* [Problem details]:
From the records below, output exactly the lines running from the line containing "6. Find a common" through the line containing "#endif</code>", and no others.

[Opening Task data section]

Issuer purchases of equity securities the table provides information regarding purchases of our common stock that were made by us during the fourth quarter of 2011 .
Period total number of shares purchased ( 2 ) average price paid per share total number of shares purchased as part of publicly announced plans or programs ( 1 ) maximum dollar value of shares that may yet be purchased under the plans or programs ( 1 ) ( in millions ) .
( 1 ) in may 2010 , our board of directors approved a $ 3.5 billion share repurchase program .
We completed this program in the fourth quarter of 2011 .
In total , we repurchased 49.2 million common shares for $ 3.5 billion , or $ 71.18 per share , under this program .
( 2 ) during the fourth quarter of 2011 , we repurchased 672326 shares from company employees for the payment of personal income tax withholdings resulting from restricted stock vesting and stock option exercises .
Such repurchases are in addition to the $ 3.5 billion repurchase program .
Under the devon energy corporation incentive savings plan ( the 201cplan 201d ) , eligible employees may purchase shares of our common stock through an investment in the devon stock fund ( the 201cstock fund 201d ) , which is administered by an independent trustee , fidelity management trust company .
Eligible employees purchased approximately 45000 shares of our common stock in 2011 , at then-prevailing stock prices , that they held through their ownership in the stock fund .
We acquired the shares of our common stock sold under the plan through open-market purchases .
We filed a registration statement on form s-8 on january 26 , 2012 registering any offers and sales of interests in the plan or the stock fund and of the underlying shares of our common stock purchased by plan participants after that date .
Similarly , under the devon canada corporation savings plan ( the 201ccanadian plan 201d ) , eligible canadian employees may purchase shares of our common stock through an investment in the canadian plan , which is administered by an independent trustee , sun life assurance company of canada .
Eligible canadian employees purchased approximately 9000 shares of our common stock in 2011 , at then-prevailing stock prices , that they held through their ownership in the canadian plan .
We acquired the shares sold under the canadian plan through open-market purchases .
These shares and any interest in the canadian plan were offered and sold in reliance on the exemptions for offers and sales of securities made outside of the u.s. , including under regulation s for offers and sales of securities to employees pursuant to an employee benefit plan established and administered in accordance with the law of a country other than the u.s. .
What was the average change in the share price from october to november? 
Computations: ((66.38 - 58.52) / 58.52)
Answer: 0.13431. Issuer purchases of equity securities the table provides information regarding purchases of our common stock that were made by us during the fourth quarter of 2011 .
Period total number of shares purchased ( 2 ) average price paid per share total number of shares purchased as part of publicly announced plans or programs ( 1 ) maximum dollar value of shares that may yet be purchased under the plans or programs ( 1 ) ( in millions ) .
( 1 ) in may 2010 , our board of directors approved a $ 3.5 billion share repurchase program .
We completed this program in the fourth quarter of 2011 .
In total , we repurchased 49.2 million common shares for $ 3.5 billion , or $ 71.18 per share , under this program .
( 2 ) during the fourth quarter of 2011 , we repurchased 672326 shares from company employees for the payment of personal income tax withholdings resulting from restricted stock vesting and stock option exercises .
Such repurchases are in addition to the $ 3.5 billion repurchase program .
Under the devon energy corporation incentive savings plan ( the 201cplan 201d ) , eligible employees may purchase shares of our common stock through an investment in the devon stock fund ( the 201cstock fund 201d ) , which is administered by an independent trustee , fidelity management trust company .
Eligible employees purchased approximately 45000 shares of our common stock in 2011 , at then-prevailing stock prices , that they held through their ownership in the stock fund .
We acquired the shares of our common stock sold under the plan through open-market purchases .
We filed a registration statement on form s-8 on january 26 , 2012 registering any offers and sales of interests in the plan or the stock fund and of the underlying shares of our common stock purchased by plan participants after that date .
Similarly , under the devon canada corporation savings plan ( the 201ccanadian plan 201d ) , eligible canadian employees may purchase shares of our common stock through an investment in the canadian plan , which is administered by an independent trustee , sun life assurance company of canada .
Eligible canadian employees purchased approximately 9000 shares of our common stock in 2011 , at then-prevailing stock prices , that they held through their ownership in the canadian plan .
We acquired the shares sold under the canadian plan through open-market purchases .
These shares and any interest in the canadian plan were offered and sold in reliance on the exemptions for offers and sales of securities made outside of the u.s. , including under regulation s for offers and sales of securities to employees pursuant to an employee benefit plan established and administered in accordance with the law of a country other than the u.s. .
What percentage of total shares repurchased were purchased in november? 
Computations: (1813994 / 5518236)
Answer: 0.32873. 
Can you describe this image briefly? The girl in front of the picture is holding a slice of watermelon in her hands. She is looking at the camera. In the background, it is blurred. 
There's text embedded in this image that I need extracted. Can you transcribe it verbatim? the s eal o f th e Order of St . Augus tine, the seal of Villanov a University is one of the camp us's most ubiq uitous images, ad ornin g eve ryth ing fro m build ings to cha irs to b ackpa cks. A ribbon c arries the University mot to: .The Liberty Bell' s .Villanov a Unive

[Closing Task data section]
[Opening Task data section]

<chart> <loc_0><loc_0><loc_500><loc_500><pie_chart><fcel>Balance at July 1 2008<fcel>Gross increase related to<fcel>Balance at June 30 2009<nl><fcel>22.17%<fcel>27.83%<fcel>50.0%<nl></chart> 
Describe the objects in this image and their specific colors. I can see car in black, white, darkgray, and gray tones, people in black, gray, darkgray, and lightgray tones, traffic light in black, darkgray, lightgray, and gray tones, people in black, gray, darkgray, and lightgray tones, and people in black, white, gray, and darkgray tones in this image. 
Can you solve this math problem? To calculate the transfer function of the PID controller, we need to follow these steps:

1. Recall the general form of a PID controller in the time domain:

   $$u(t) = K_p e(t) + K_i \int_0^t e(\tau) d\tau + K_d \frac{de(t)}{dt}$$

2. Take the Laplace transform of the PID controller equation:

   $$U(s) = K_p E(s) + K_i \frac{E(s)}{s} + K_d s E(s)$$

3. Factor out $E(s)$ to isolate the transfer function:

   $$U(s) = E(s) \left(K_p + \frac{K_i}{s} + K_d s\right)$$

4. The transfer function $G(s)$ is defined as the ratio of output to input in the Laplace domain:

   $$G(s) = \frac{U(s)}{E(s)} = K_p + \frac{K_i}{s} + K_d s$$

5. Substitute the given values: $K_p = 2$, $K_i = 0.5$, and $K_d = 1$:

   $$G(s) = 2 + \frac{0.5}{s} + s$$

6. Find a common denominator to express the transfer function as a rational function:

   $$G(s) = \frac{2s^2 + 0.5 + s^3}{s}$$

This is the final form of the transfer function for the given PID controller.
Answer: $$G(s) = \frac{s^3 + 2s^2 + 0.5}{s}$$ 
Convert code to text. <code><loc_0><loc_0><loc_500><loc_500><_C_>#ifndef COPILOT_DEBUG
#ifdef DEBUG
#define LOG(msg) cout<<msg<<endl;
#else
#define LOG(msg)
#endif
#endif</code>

[Closing Task data section]

* [Answer to this task]:
6. Find a common denominator to express the transfer function as a rational function:

   $$G(s) = \frac{2s^2 + 0.5 + s^3}{s}$$

This is the final form of the transfer function for the given PID controller.
Answer: $$G(s) = \frac{s^3 + 2s^2 + 0.5}{s}$$ 
Convert code to text. <code><loc_0><loc_0><loc_500><loc_500><_C_>#ifndef COPILOT_DEBUG
#ifdef DEBUG
#define LOG(msg) cout<<msg<<endl;
#else
#define LOG(msg)
#endif
#endif</code>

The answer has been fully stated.